The meter reader model
Prometheus does not push data to your app. Your app does not send data to Prometheus. Instead, Prometheus comes to your app and asks for a snapshot.
Think of it like a meter reader. You do not mail your electricity usage to the utility company every second. You install a smart meter. The utility company sends a van to your house once every fifteen minutes. The van reads the meter and drives away.
Your Go app is the house. The metrics are the meter. Prometheus is the van. You expose an HTTP endpoint. Prometheus hits that endpoint. Your app returns a text file with numbers. Prometheus stores the numbers.
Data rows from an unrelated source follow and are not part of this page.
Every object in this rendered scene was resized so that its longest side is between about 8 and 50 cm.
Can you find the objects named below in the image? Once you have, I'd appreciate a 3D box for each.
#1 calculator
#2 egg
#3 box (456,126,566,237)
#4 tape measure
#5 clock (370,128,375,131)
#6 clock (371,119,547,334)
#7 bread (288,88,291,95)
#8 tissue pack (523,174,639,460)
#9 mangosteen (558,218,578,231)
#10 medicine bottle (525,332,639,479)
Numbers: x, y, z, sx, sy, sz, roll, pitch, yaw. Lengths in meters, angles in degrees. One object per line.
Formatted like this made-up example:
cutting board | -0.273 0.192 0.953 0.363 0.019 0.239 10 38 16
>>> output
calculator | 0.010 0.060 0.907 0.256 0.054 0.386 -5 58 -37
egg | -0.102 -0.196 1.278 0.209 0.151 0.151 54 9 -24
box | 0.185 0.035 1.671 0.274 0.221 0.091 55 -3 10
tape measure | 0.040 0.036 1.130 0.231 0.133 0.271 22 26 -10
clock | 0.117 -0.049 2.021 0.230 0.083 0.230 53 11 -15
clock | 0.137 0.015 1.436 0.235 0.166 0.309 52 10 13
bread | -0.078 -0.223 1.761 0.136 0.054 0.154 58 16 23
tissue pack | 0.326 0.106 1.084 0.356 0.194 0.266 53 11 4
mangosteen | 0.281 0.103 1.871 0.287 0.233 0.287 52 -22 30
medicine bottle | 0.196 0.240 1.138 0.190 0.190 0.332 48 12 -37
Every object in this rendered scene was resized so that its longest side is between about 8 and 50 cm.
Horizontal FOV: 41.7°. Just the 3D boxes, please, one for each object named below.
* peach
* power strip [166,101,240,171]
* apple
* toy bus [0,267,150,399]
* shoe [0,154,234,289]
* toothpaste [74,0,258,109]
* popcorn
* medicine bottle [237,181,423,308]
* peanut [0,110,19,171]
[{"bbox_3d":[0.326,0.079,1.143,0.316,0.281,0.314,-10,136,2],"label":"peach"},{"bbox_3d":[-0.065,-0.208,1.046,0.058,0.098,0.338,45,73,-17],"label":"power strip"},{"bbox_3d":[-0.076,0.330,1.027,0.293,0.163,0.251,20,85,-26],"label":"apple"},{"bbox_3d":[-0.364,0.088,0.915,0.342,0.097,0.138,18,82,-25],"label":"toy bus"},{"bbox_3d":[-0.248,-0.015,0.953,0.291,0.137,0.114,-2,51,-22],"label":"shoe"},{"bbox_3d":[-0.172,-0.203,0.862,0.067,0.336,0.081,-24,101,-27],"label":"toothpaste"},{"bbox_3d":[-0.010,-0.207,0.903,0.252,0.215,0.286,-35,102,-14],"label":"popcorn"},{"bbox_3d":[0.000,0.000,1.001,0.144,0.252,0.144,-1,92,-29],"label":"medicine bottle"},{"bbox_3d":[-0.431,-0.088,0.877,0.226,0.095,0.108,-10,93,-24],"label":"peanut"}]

This pull model keeps your app simple. You do not need to manage connections to a central server. You do not need to handle retries if the metrics server is down. You just expose the endpoint. If Prometheus cannot reach you, it marks the target as down. That is also useful information.
Minimal counter
Here is the skeleton: define a counter, register it, mount the handler, increment on requests.
package main
import (
"fmt"
"net/http"
"github.com/prometheus/client_golang/prometheus"
"github.com/prometheus/client_golang/prometheus/promhttp"
)
// requestCount tracks total HTTP requests.
var requestCount = prometheus.NewCounter(
prometheus.CounterOpts{
Name: "http_requests_total",
Help: "Total number of HTTP requests received.",
},
)
func init() {
// Register the metric so Prometheus can find it.
prometheus.MustRegister(requestCount)
}
func main() {
// Mount the metrics handler at the standard path.
http.Handle("/metrics", promhttp.Handler())
// Handle the root path and increment the counter.
http.HandleFunc("/", func(w http.ResponseWriter, r *http.Request) {
requestCount.Inc()
fmt.Fprint(w, "Hello")
})
// Start the server.
http.ListenAndServe(":8080", nil)
}
The counter is a global variable. This is standard practice for metrics. The metric lives for the lifetime of the process. The init() function registers the metric in the global registry. This ensures the metric is ready before main() runs.
The promhttp.Handler() returns an http.Handler that serves the metrics. You mount it at /metrics. This is the convention. Prometheus expects the endpoint at /metrics by default.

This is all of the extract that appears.